The author, an illustrator who goes by the name Kona Shiomachi, says that when people are overworked, they aren’t capable of making rational decisions, including on whether to change jobs, and embark on a vicious circle of negative thinking that, in some cases, leads to suicide.

The title of the comic, which went online Tuesday, is “Mukashi Sonokimo Nainoni Ukkari Jisatsu Shikakemashita,” which can loosely be translated as “I was about to unintentionally commit suicide.”

In one scene, Shiomachi depicts a dangerous moment when she was waiting at the station for the train.

“If I move one step further, I wouldn’t have to go to work tomorrow,” she thought.

Though she was able to stop herself, Shiomachi, who had been working roughly 90 to 100 hours of overtime a month, said suicide seemed “such a brilliant idea.”

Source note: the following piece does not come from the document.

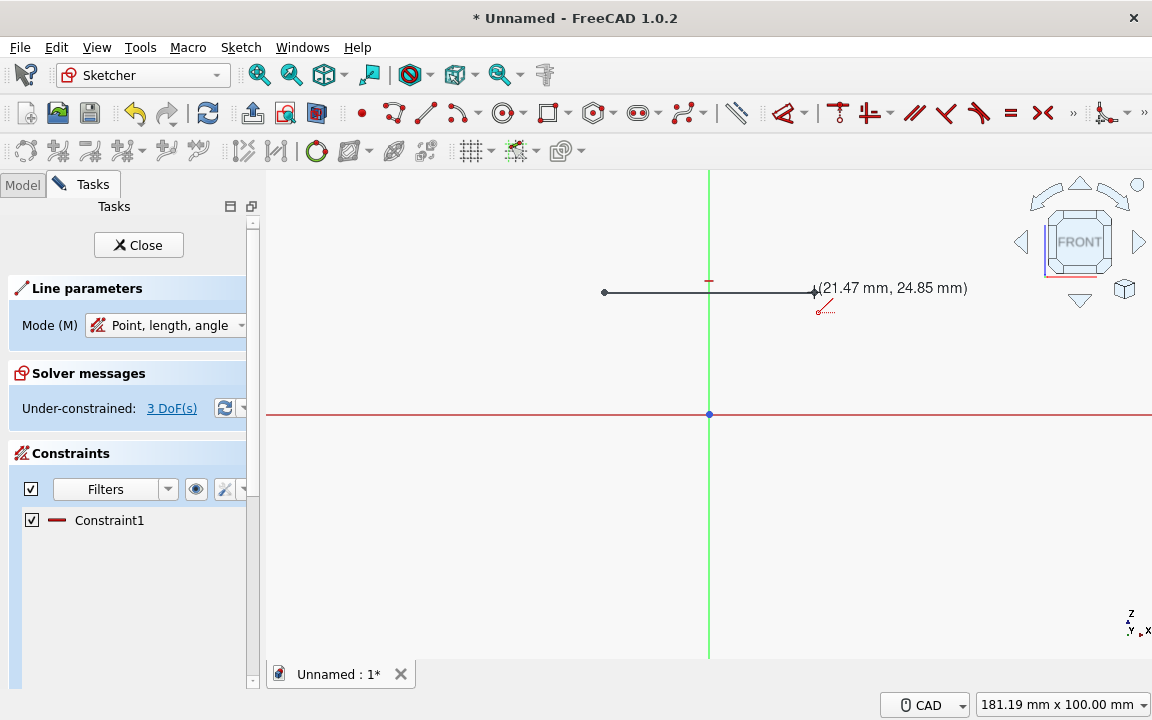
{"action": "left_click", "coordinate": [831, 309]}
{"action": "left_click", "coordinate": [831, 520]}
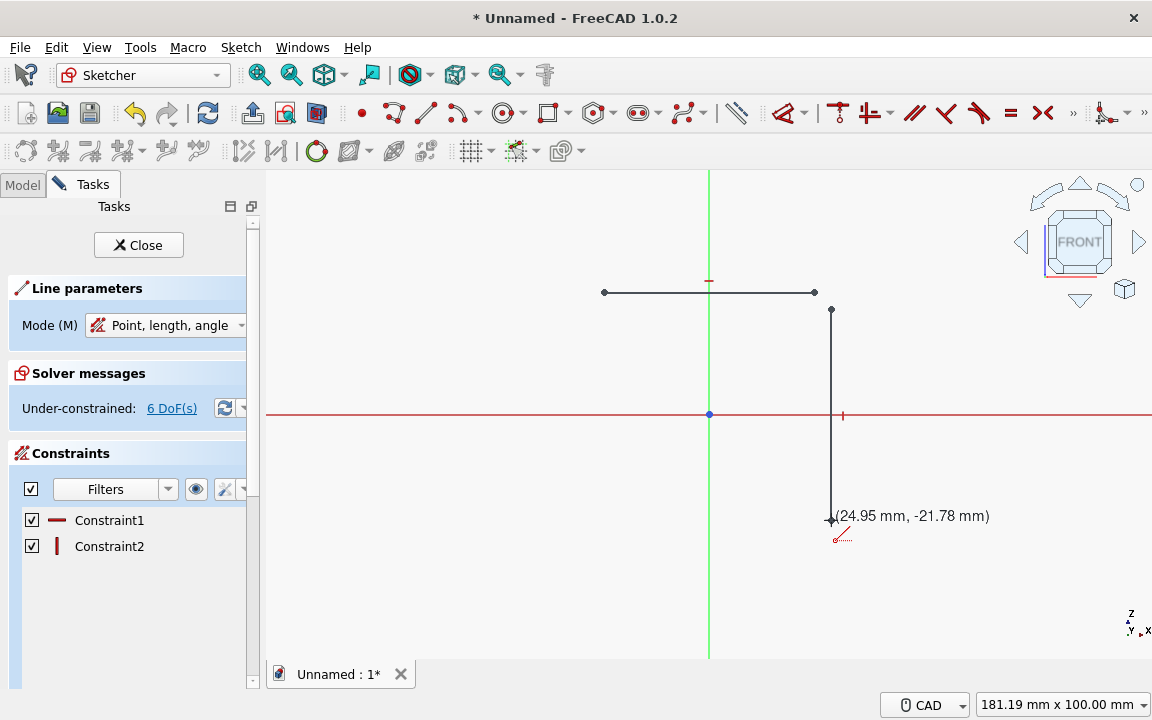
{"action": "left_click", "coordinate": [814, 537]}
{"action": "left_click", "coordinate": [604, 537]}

“It’s almost impossible for workers to take a break or leave the company” when they are too stressed out, she said in a written response to this reporter’s questions. “When you’re exhausted beyond the limit, your mind avoids thinking about that.”

She declined to provide her age or real name.

“When you work over 100 hours of overtime, you won’t have time to be with your family, friends or lover, or even time to enjoy your hobby,” she said. “Then, you start to think, ‘I don’t know what I’m working for,’ which leads to thinking ‘I don’t know why I’m living this life.’ ”

At the time, Shiomachi was a graphic designer at a small advertising company making flyers and posters. Although she enjoyed her job, the workload was tough. Clients sometimes demanded her attention at 3 a.m. or wanted a job completed within six hours.

“The company was giving us . . . an impossible workload. The assumption was that we all would work at least 15 hours a day,” she said.

But according to Shiomachi, that’s the norm in the design industry.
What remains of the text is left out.